§ **Goal of the exercise**:
Would you transcribe the records below exactly, omitting every picture?

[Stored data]
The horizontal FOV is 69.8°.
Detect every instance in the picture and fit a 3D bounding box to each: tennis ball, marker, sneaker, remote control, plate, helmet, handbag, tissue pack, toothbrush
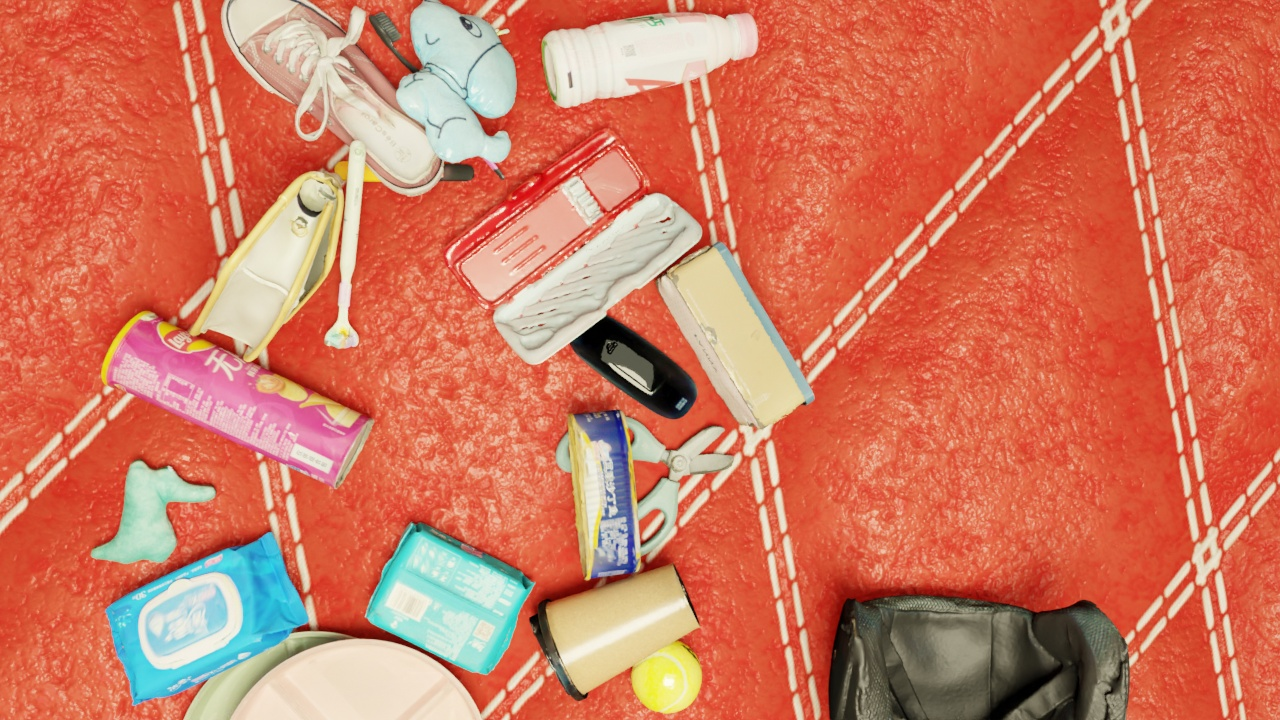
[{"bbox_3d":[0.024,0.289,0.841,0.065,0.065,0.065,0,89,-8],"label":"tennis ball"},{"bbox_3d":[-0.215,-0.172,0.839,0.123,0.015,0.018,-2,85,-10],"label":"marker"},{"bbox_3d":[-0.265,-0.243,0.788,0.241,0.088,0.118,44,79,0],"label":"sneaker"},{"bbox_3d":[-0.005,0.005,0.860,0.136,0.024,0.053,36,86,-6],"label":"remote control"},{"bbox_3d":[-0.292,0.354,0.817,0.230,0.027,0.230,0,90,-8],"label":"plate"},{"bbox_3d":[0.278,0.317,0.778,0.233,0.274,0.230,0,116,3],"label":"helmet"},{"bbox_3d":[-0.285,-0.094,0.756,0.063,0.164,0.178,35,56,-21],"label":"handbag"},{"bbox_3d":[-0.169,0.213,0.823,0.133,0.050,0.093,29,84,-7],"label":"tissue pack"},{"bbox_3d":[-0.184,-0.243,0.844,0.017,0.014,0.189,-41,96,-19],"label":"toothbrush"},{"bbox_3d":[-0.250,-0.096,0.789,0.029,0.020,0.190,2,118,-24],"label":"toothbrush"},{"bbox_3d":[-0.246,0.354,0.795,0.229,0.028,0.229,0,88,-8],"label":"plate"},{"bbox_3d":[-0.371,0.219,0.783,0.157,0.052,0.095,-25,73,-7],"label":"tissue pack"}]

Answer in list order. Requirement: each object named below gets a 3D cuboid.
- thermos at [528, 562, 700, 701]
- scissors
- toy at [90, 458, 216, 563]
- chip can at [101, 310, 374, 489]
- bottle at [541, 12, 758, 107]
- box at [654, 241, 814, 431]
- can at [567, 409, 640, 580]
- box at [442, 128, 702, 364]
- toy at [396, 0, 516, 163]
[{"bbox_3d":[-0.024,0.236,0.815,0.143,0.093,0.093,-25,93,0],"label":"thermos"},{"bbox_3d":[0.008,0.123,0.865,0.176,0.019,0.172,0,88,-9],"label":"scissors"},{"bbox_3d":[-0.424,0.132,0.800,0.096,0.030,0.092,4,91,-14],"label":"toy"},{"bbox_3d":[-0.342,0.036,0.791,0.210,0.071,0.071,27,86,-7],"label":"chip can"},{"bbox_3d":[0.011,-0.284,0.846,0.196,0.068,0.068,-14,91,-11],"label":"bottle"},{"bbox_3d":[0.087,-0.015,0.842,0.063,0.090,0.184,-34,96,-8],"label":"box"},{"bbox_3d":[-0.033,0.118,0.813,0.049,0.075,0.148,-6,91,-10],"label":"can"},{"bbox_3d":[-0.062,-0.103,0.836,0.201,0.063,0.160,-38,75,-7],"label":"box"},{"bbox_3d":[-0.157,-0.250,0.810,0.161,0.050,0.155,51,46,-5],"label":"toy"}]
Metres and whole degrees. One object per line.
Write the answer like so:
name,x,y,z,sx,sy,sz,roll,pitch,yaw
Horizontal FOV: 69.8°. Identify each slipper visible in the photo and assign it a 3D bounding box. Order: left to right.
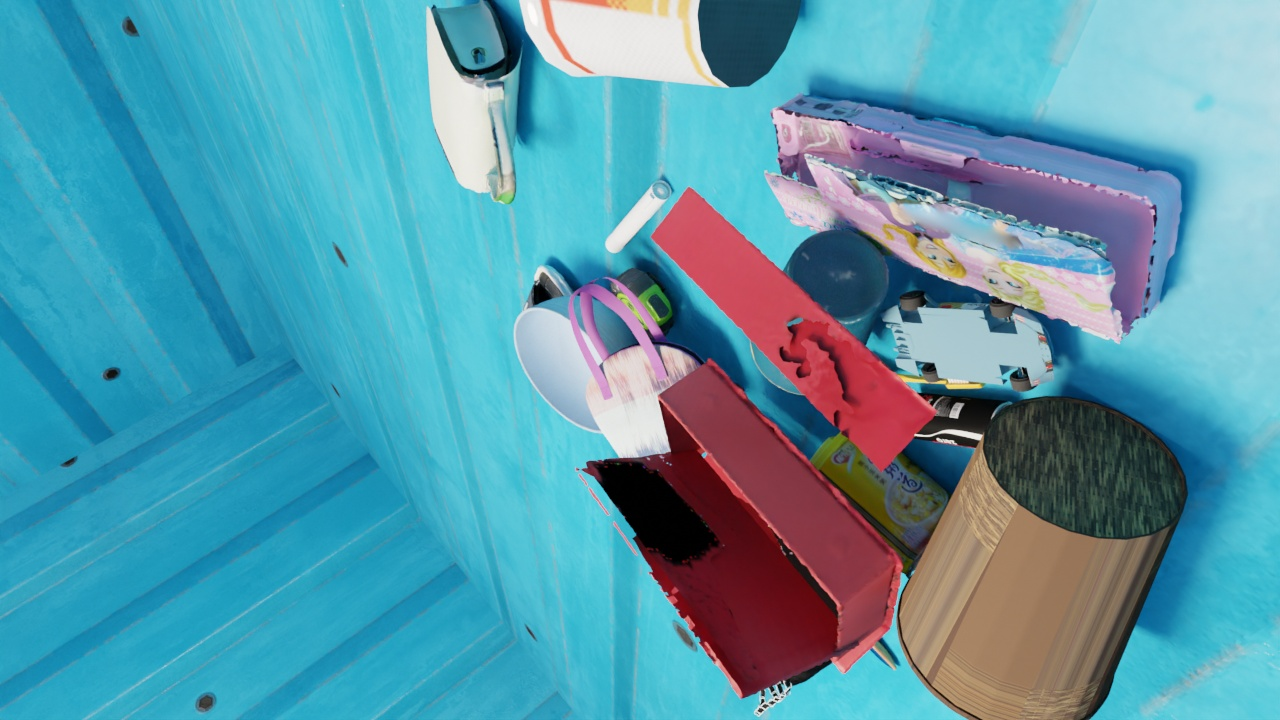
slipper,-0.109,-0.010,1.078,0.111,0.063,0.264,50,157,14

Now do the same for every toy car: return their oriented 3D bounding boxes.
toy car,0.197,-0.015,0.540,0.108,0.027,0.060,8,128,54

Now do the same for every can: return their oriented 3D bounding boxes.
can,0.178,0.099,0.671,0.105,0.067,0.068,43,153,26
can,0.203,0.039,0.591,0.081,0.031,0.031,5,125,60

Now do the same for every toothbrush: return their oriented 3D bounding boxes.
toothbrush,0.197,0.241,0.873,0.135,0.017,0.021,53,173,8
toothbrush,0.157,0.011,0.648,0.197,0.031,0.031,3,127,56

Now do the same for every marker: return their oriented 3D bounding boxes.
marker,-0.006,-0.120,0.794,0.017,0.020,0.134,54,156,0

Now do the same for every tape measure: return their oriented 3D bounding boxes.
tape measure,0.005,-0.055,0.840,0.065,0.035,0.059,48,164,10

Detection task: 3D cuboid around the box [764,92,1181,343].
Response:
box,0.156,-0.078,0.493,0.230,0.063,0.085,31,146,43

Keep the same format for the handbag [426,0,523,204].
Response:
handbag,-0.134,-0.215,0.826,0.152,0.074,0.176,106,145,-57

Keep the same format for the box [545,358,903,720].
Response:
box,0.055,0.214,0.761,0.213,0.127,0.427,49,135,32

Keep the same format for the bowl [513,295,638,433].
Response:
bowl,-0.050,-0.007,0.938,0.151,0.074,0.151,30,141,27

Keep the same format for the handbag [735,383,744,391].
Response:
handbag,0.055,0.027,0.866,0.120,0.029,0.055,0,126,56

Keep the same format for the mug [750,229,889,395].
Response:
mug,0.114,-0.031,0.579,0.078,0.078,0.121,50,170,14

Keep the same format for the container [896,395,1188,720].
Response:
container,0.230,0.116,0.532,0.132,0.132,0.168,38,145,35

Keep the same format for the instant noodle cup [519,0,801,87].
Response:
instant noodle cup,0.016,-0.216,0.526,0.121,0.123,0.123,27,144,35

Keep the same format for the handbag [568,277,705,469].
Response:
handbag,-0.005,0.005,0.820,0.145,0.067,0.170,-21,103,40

§ **Finished exercise**:
The horizontal FOV is 69.8°.
Detect every instance in the picture and fit a 3D bounding box to each: tennis ball, marker, sneaker, remote control, plate, helmet, handbag, tissue pack, toothbrush
[{"bbox_3d":[0.024,0.289,0.841,0.065,0.065,0.065,0,89,-8],"label":"tennis ball"},{"bbox_3d":[-0.215,-0.172,0.839,0.123,0.015,0.018,-2,85,-10],"label":"marker"},{"bbox_3d":[-0.265,-0.243,0.788,0.241,0.088,0.118,44,79,0],"label":"sneaker"},{"bbox_3d":[-0.005,0.005,0.860,0.136,0.024,0.053,36,86,-6],"label":"remote control"},{"bbox_3d":[-0.292,0.354,0.817,0.230,0.027,0.230,0,90,-8],"label":"plate"},{"bbox_3d":[0.278,0.317,0.778,0.233,0.274,0.230,0,116,3],"label":"helmet"},{"bbox_3d":[-0.285,-0.094,0.756,0.063,0.164,0.178,35,56,-21],"label":"handbag"},{"bbox_3d":[-0.169,0.213,0.823,0.133,0.050,0.093,29,84,-7],"label":"tissue pack"},{"bbox_3d":[-0.184,-0.243,0.844,0.017,0.014,0.189,-41,96,-19],"label":"toothbrush"},{"bbox_3d":[-0.250,-0.096,0.789,0.029,0.020,0.190,2,118,-24],"label":"toothbrush"},{"bbox_3d":[-0.246,0.354,0.795,0.229,0.028,0.229,0,88,-8],"label":"plate"},{"bbox_3d":[-0.371,0.219,0.783,0.157,0.052,0.095,-25,73,-7],"label":"tissue pack"}]

Answer in list order. Requirement: each object named below gets a 3D cuboid.
- thermos at [528, 562, 700, 701]
- scissors
- toy at [90, 458, 216, 563]
- chip can at [101, 310, 374, 489]
- bottle at [541, 12, 758, 107]
- box at [654, 241, 814, 431]
- can at [567, 409, 640, 580]
- box at [442, 128, 702, 364]
- toy at [396, 0, 516, 163]
[{"bbox_3d":[-0.024,0.236,0.815,0.143,0.093,0.093,-25,93,0],"label":"thermos"},{"bbox_3d":[0.008,0.123,0.865,0.176,0.019,0.172,0,88,-9],"label":"scissors"},{"bbox_3d":[-0.424,0.132,0.800,0.096,0.030,0.092,4,91,-14],"label":"toy"},{"bbox_3d":[-0.342,0.036,0.791,0.210,0.071,0.071,27,86,-7],"label":"chip can"},{"bbox_3d":[0.011,-0.284,0.846,0.196,0.068,0.068,-14,91,-11],"label":"bottle"},{"bbox_3d":[0.087,-0.015,0.842,0.063,0.090,0.184,-34,96,-8],"label":"box"},{"bbox_3d":[-0.033,0.118,0.813,0.049,0.075,0.148,-6,91,-10],"label":"can"},{"bbox_3d":[-0.062,-0.103,0.836,0.201,0.063,0.160,-38,75,-7],"label":"box"},{"bbox_3d":[-0.157,-0.250,0.810,0.161,0.050,0.155,51,46,-5],"label":"toy"}]
Metres and whole degrees. One object per line.
Write the answer like so:
name,x,y,z,sx,sy,sz,roll,pitch,yaw
Horizontal FOV: 69.8°. Identify each slipper visible in the photo and assign it a 3D bounding box. Order: left to right.
slipper,-0.109,-0.010,1.078,0.111,0.063,0.264,50,157,14

Now do the same for every toy car: return their oriented 3D bounding boxes.
toy car,0.197,-0.015,0.540,0.108,0.027,0.060,8,128,54

Now do the same for every can: return their oriented 3D bounding boxes.
can,0.178,0.099,0.671,0.105,0.067,0.068,43,153,26
can,0.203,0.039,0.591,0.081,0.031,0.031,5,125,60

Now do the same for every toothbrush: return their oriented 3D bounding boxes.
toothbrush,0.197,0.241,0.873,0.135,0.017,0.021,53,173,8
toothbrush,0.157,0.011,0.648,0.197,0.031,0.031,3,127,56

Now do the same for every marker: return their oriented 3D bounding boxes.
marker,-0.006,-0.120,0.794,0.017,0.020,0.134,54,156,0

Now do the same for every tape measure: return their oriented 3D bounding boxes.
tape measure,0.005,-0.055,0.840,0.065,0.035,0.059,48,164,10

Detection task: 3D cuboid around the box [764,92,1181,343].
Response:
box,0.156,-0.078,0.493,0.230,0.063,0.085,31,146,43

Keep the same format for the handbag [426,0,523,204].
Response:
handbag,-0.134,-0.215,0.826,0.152,0.074,0.176,106,145,-57

Keep the same format for the box [545,358,903,720].
Response:
box,0.055,0.214,0.761,0.213,0.127,0.427,49,135,32

Keep the same format for the bowl [513,295,638,433].
Response:
bowl,-0.050,-0.007,0.938,0.151,0.074,0.151,30,141,27

Keep the same format for the handbag [735,383,744,391].
Response:
handbag,0.055,0.027,0.866,0.120,0.029,0.055,0,126,56

Keep the same format for the mug [750,229,889,395].
Response:
mug,0.114,-0.031,0.579,0.078,0.078,0.121,50,170,14

Keep the same format for the container [896,395,1188,720].
Response:
container,0.230,0.116,0.532,0.132,0.132,0.168,38,145,35

Keep the same format for the instant noodle cup [519,0,801,87].
Response:
instant noodle cup,0.016,-0.216,0.526,0.121,0.123,0.123,27,144,35

Keep the same format for the handbag [568,277,705,469].
Response:
handbag,-0.005,0.005,0.820,0.145,0.067,0.170,-21,103,40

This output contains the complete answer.